15. The method of claim 14, wherein training the machine learning model to determine whether to perform auto-reconciliation operations or a manual reconciliation process comprises:
training the machine learning model to generate recommendation scores, the recommendation scores to be used for determining whether to perform (a) the auto-reconciliation operations or (b) the manual remediation operations to remediate the discrepancies between the datasets.
16. The method of claim 15, wherein the first selection to perform the auto-reconciliation operation is based on a first recommendation score generated by the machine learning model.
17. The method of claim 16, wherein the training datasets of historical data are divided into time periods,
wherein the training datasets of historical data exemplify rules for performing auto-reconciliation and manual reconciliation to reconcile discrepancies between datasets, and
wherein training the machine learning model comprises:
based on the training datasets, training the machine learning model to generate the first recommendation score based on determining auto-reconciliation was performed in a first number of preceding time periods less than a second threshold number; and
training the machine learning model to generate a second recommendation score, lower than the first recommendation score, based on determining the auto-reconciliation was performed in a second number of preceding time periods equal to, or greater than, the second threshold number,
wherein the second recommendation score corresponds to a recommendation to perform manual reconciliation.
18. The method of claim 16, further comprising:
executing a selection process that selects the auto-reconciliation operation based on the first recommendation score; and
executing the auto-reconciliation operation to resolve the first discrepancy.

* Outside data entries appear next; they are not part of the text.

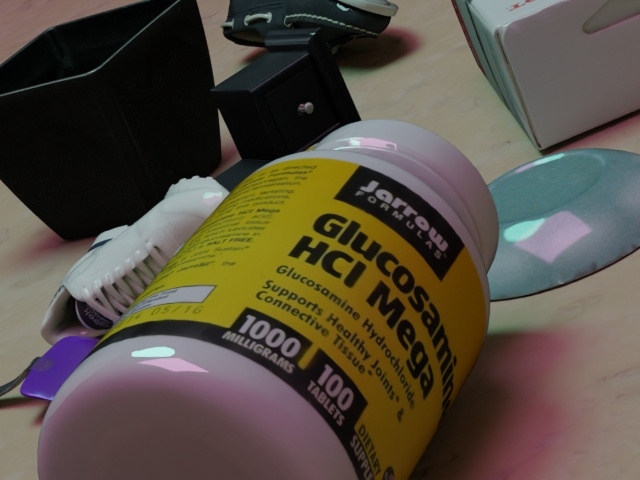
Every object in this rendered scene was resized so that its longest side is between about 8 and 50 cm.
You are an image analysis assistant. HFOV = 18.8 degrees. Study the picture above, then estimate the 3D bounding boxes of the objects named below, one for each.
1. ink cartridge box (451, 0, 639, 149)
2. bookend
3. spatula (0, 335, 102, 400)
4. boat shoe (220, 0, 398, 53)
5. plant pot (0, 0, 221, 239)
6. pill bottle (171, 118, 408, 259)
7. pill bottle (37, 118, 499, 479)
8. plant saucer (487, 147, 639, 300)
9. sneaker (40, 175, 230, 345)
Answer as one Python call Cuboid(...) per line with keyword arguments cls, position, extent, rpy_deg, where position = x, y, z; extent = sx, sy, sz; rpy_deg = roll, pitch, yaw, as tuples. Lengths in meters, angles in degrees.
Cuboid(cls="ink cartridge box", position=(0.227, -0.196, 1.621), extent=(0.197, 0.114, 0.273), rpy_deg=(-23, 19, 2))
Cuboid(cls="bookend", position=(-0.044, -0.065, 1.539), extent=(0.156, 0.157, 0.072), rpy_deg=(-35, 22, -28))
Cuboid(cls="spatula", position=(-0.260, 0.115, 1.518), extent=(0.296, 0.030, 0.084), rpy_deg=(-11, 26, 31))
Cuboid(cls="boat shoe", position=(-0.015, -0.228, 2.016), extent=(0.114, 0.091, 0.302), rpy_deg=(16, 4, -24))
Cuboid(cls="plant pot", position=(-0.200, -0.109, 1.810), extent=(0.187, 0.167, 0.188), rpy_deg=(-10, 26, 33))
Cuboid(cls="pill bottle", position=(0.000, 0.000, 1.386), extent=(0.117, 0.118, 0.208), rpy_deg=(0, 32, 49))
Cuboid(cls="pill bottle", position=(-0.010, 0.063, 1.142), extent=(0.188, 0.188, 0.334), rpy_deg=(-12, 24, 31))
Cuboid(cls="plant saucer", position=(0.162, -0.023, 1.380), extent=(0.195, 0.037, 0.195), rpy_deg=(-22, 20, 8))
Cuboid(cls="sneaker", position=(-0.131, 0.026, 1.490), extent=(0.095, 0.090, 0.235), rpy_deg=(-44, 8, -39))
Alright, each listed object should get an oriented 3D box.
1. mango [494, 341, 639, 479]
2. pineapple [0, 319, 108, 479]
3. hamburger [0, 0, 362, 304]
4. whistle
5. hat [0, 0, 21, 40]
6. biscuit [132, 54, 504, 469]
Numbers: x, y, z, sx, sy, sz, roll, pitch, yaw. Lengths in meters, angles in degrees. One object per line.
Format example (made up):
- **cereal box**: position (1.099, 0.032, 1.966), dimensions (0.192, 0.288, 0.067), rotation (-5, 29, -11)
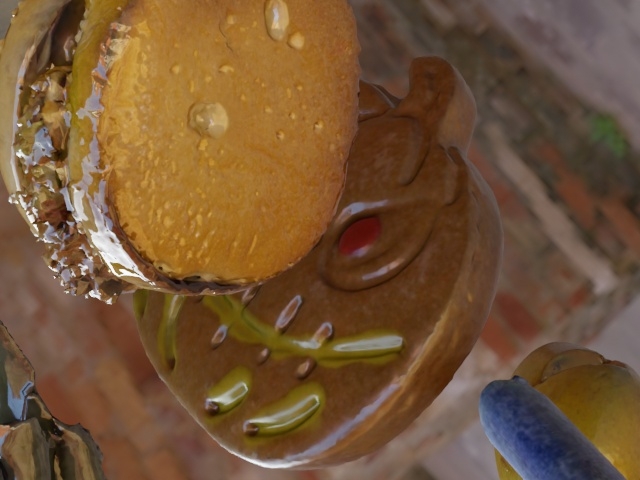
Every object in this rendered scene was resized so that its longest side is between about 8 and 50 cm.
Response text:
- **mango**: position (0.243, 0.181, 1.919), dimensions (0.130, 0.167, 0.262), rotation (30, -173, -17)
- **pineapple**: position (-0.048, 0.181, 0.671), dimensions (0.365, 0.165, 0.165), rotation (60, 168, -11)
- **hamburger**: position (-0.076, -0.057, 0.963), dimensions (0.118, 0.191, 0.182), rotation (9, 162, 47)
- **whistle**: position (0.204, 0.197, 1.444), dimensions (0.062, 0.062, 0.304), rotation (54, 177, -36)
- **hat**: position (-0.300, -0.142, 1.240), dimensions (0.301, 0.258, 0.168), rotation (53, 172, 28)
- **biscuit**: position (-0.005, -0.005, 1.574), dimensions (0.070, 0.350, 0.394), rotation (36, 179, -39)
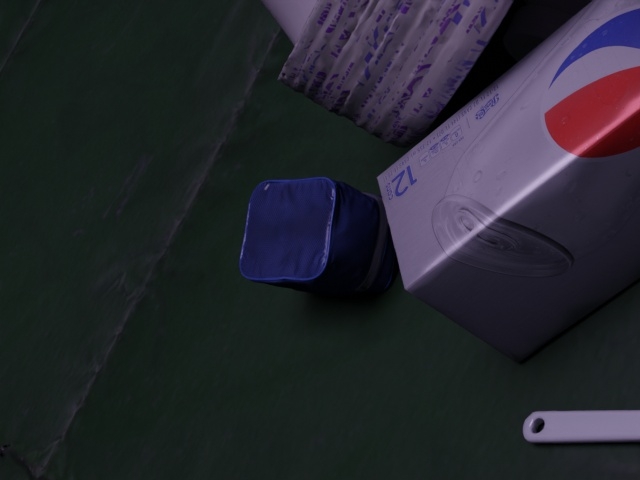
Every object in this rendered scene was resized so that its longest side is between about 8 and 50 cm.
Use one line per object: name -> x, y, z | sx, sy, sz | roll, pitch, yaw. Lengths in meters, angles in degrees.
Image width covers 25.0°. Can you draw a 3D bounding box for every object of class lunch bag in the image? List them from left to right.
lunch bag -> 0.000, 0.000, 0.898 | 0.098, 0.065, 0.067 | 2, 79, 50

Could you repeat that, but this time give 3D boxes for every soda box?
soda box -> 0.166, -0.064, 0.715 | 0.286, 0.098, 0.091 | -38, 38, 24

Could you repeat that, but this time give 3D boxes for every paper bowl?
paper bowl -> 0.056, -0.208, 0.823 | 0.284, 0.148, 0.284 | -60, 3, 5

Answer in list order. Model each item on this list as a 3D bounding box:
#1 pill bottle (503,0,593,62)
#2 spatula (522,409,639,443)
pill bottle -> 0.164, -0.163, 0.809 | 0.086, 0.086, 0.152 | 16, 75, 55
spatula -> 0.165, 0.135, 0.622 | 0.242, 0.019, 0.168 | -10, 56, 47

19. The method of claim 14, further comprising:
analyzing a third set of event records and fourth set of event records to identify a second discrepancy between the third set of event records and the fourth set of event records;
applying the machine learning model to the second discrepancy to generate a second selection to perform a manual reconciliation operation to remediate the second discrepancy; and
presenting a recommendation for a user to execute the manual reconciliation operation to resolve the second discrepancy.
20. A system comprising:
at least one device including a hardware processor;
the system being configured to perform operations comprising:
obtaining training datasets of historical data, the training datasets comprising:
discrepancies between historical datasets of event records; and
labels specifying one of: an auto-reconciliation process performed without human intervention or a manual reconciliation process performed by a human for remediating the discrepancies between the historical datasets of event records;
training a machine learning model to determine whether to perform (a) auto-reconciliation operations, without human intervention, to remediate discrepancies between datasets or (b) manual remediation operations, with human intervention, to remediate the discrepancies between the datasets;
obtaining a target pair of datasets comprising:
a first dataset comprising a first set of event records; and
a second dataset comprising a second set of event records;
analyzing the first set of event records and the second set of event records to identify a first discrepancy between the first set of event records and the second set of event records; and
applying the machine learning model to the first discrepancy to generate a first selection to perform an auto-reconciliation operation, without human intervention, to remediate the first discrepancy.